Expert: Paul Klarreich - 10/12/2008

Question
Find all fifth roots of 32i and express in rcis.  Pick one of them and express in a + bi form.  I am studying complex numbers in polar form.  I do not even know where to start with this question.

Answer
Questioner:   Melissa
Category:  Advanced Math
Private:  No
 
Subject:  fifth roots
Question:  Find all fifth roots of 32i and express in rcis.  Pick one of them and express in a + bi form.  I am studying complex numbers in polar form.  I do not even know where to start with this question.
........................................
Hi, Melissa,

There are three parts:

1. Convert 32i  INTO r-cis form.  Write the FIVE alternative forms.
2. Apply deMoivre's theorem to each, using the z^(1/5) rule.
3. Convert them (well, only one) BACK to  a + bi form.

You may, alas, have to use all that fine trigonometry you learned last year.

1. Draw the diagram:

        |
    32i +
        |
        |
        |
        |
---------+-----------
        |
        |

Your distance is 32 = r and your polar angle is  pi/2.  (yes it's 90 degrees, but degrees are for children)

You will do:

32i = 32 cis (pi/2 + 0 pi)
32i = 32 cis (pi/2 + 2 pi)
32i = 32 cis (pi/2 + 4 pi)
32i = 32 cis (pi/2 + 6 pi)
32i = 32 cis (pi/2 + 8 pi)

32i = 32 cis ( pi/2)
32i = 32 cis (5pi/2)
32i = 32 cis (9pi/2)
32i = 32 cis (13pi/2)
32i = 32 cis (17pi/2)


2. Now you will 'root' each of those:  The 5th root of 32 is 2, so that will be your new r.

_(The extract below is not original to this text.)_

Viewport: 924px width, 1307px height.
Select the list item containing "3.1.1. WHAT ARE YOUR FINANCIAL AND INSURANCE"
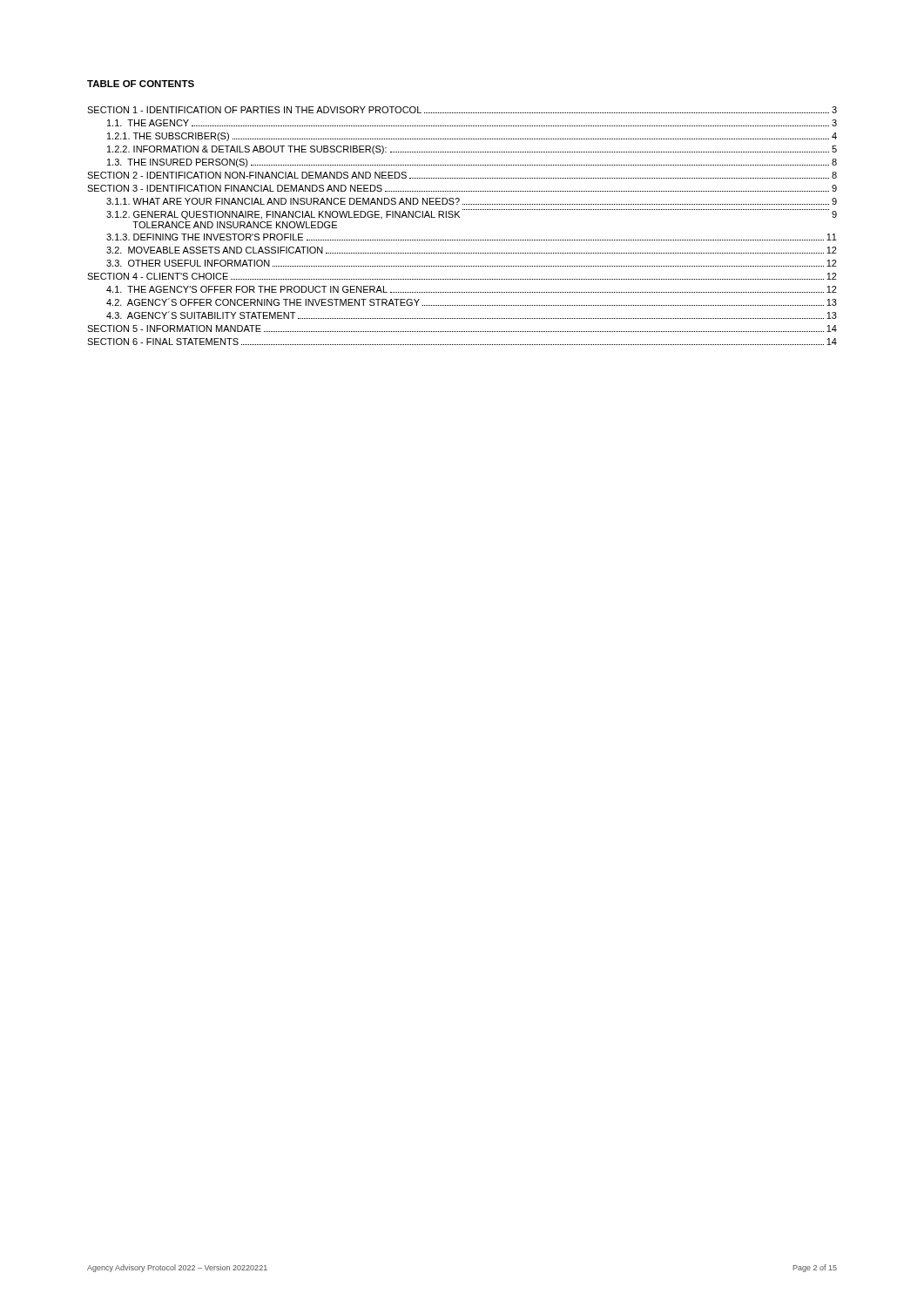462,201

You will take 1/5 of each polar angle;

fifth root of 32i = 2 cis (pi/10)
fifth root of 32i = 2 cis (5pi/10)
fifth root of 32i = 2 cis (9pi/10)
fifth root of 32i = 2 cis (13pi/10)
fifth root of 32i = 2 cis (17pi/10)

3. You will now convert them all (not really all) back to rectangular (a + bi) form. Since you only have to do one,  I will pick the second:

fifth root of 32i = 2 cis (5pi/10)
fifth root of 32i = 2 cis (pi/2)
= 2 (cos pi/2 + i sin pi/2)

= 2 (0     + i (1))

= 0 + 2i

You can easily check that  (2i)^5 = 32i.